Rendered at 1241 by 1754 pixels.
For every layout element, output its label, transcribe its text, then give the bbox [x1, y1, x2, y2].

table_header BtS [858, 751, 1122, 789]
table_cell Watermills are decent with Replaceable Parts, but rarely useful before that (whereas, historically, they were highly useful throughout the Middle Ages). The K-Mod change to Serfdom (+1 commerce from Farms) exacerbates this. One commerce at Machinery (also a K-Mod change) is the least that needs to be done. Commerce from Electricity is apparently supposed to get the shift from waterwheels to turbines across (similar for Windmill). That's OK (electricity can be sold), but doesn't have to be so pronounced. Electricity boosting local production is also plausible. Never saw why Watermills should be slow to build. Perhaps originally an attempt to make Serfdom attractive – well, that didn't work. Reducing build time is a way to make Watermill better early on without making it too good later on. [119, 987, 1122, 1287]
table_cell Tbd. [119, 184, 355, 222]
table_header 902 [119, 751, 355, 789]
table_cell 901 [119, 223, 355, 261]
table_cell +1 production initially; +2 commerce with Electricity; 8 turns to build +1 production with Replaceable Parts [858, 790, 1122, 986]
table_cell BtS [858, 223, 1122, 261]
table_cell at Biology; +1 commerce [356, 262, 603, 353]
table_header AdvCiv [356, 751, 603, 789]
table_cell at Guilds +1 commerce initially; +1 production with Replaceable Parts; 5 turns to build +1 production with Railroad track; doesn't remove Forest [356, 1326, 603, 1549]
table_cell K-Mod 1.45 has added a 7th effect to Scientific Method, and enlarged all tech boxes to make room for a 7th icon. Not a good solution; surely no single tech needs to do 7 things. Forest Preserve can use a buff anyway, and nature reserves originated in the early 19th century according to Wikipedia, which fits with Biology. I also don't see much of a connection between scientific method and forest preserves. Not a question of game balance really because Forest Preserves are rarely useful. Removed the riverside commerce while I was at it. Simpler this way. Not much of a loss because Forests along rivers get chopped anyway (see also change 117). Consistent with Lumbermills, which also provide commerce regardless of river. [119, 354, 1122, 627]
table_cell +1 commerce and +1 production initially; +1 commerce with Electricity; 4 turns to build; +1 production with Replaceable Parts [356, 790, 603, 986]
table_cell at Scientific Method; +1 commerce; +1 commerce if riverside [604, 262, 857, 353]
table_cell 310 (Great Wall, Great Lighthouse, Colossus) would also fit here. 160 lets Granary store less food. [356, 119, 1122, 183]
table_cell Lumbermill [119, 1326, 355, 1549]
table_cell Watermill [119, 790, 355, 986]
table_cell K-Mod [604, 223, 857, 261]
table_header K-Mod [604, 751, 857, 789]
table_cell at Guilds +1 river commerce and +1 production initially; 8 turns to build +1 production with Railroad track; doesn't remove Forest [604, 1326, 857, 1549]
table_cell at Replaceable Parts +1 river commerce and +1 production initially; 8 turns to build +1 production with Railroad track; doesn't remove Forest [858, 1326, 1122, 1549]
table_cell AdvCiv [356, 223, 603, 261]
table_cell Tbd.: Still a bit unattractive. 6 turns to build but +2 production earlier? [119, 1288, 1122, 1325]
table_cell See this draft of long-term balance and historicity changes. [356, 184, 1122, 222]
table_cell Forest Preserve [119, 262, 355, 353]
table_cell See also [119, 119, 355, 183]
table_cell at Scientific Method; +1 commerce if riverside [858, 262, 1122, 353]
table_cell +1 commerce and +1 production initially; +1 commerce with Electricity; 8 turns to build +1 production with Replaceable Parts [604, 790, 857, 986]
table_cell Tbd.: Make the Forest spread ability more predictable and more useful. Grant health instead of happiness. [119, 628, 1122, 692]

──────

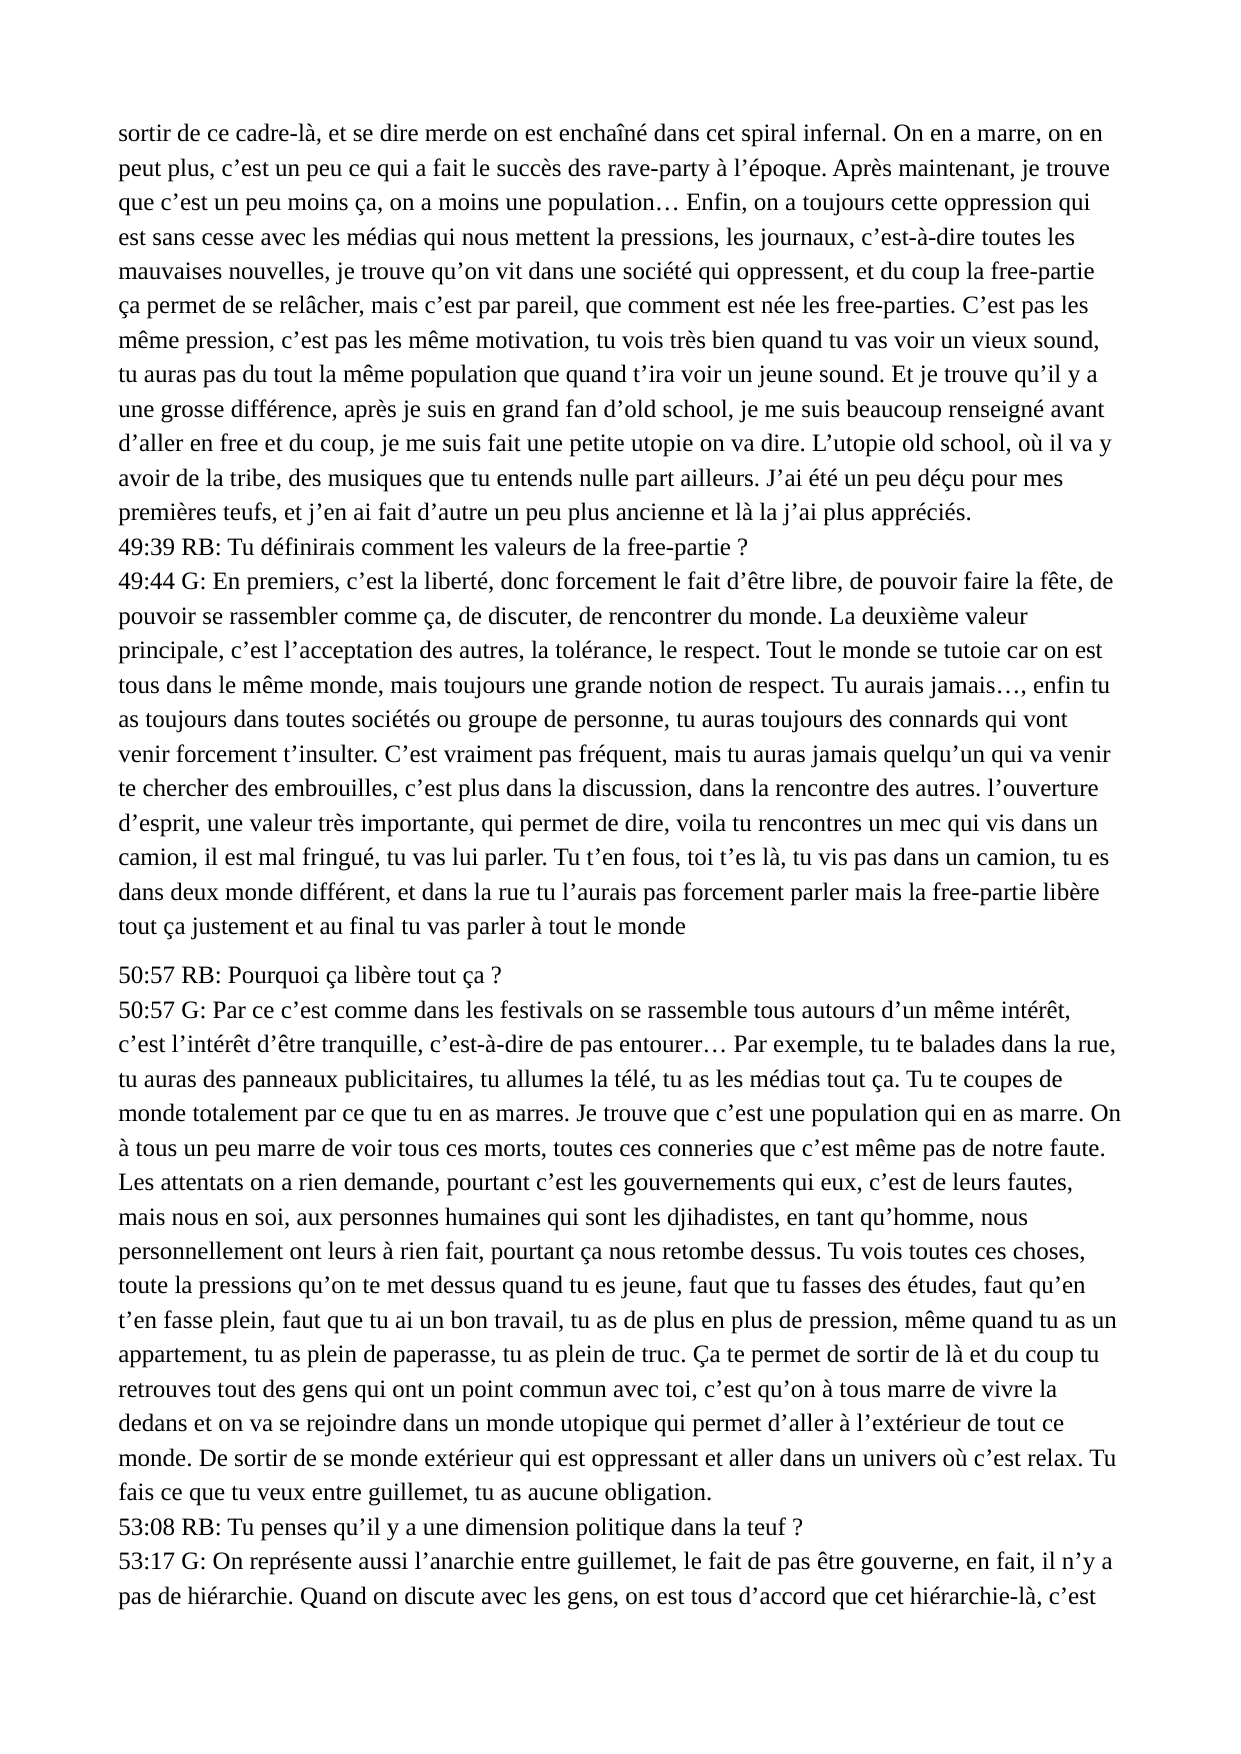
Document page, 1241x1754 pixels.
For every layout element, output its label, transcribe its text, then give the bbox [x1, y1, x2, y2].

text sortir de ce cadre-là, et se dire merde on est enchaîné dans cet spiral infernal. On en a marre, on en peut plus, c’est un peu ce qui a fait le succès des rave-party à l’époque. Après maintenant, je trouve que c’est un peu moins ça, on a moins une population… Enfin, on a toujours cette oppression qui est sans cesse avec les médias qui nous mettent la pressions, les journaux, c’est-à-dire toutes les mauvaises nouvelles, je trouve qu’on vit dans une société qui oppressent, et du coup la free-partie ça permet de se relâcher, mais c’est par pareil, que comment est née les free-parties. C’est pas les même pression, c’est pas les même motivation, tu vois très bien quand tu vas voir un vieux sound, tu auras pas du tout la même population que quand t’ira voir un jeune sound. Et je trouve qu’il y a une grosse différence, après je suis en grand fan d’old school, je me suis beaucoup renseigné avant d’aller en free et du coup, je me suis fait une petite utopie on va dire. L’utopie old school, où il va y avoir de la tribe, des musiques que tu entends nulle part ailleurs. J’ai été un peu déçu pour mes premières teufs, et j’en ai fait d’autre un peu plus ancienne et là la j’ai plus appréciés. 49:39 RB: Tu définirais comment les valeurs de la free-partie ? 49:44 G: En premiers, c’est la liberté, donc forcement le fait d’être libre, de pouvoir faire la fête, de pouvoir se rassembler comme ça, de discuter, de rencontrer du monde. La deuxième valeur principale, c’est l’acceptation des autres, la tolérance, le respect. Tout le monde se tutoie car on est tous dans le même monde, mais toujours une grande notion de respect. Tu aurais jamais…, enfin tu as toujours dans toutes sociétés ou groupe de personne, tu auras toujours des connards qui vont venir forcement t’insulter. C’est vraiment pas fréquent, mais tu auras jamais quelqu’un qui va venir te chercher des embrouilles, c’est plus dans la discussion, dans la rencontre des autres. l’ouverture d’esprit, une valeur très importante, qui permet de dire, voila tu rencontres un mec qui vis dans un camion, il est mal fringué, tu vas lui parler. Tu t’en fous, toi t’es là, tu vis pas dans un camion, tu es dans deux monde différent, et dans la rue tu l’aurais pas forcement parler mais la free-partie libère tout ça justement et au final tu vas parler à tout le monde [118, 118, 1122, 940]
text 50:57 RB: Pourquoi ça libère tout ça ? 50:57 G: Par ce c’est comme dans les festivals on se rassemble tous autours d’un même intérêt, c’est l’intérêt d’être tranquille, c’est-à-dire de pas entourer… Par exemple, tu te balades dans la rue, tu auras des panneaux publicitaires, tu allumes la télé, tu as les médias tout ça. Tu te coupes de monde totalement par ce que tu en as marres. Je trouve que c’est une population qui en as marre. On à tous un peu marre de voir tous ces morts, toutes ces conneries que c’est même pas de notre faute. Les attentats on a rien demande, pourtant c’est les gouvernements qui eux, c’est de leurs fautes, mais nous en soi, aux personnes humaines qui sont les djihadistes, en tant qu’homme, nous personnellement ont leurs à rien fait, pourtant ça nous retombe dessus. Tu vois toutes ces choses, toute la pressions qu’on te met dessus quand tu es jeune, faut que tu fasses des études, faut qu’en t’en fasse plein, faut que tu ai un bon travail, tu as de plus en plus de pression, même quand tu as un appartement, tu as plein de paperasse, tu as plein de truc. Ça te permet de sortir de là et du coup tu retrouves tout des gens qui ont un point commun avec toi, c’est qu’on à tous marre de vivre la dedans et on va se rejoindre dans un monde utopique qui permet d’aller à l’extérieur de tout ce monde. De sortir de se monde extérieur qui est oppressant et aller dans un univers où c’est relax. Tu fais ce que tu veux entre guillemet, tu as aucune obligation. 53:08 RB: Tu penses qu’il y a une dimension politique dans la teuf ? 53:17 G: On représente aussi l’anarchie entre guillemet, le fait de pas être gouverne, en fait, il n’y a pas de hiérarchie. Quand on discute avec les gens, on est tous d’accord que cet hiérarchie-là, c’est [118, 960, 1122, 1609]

──────

Exercise requirements —
For the material above, reproduce exactly the lines from the line with "Rendered at 1241 by 1754 pixels." to the line with "table_cell 901 [119, 223, 355, 261]", inclusive, and exclude all others.

Solution below —
Rendered at 1241 by 1754 pixels.
For every layout element, output its label, transcribe its text, then give the bbox [x1, y1, x2, y2].

table_header BtS [858, 751, 1122, 789]
table_cell Watermills are decent with Replaceable Parts, but rarely useful before that (whereas, historically, they were highly useful throughout the Middle Ages). The K-Mod change to Serfdom (+1 commerce from Farms) exacerbates this. One commerce at Machinery (also a K-Mod change) is the least that needs to be done. Commerce from Electricity is apparently supposed to get the shift from waterwheels to turbines across (similar for Windmill). That's OK (electricity can be sold), but doesn't have to be so pronounced. Electricity boosting local production is also plausible. Never saw why Watermills should be slow to build. Perhaps originally an attempt to make Serfdom attractive – well, that didn't work. Reducing build time is a way to make Watermill better early on without making it too good later on. [119, 987, 1122, 1287]
table_cell Tbd. [119, 184, 355, 222]
table_header 902 [119, 751, 355, 789]
table_cell 901 [119, 223, 355, 261]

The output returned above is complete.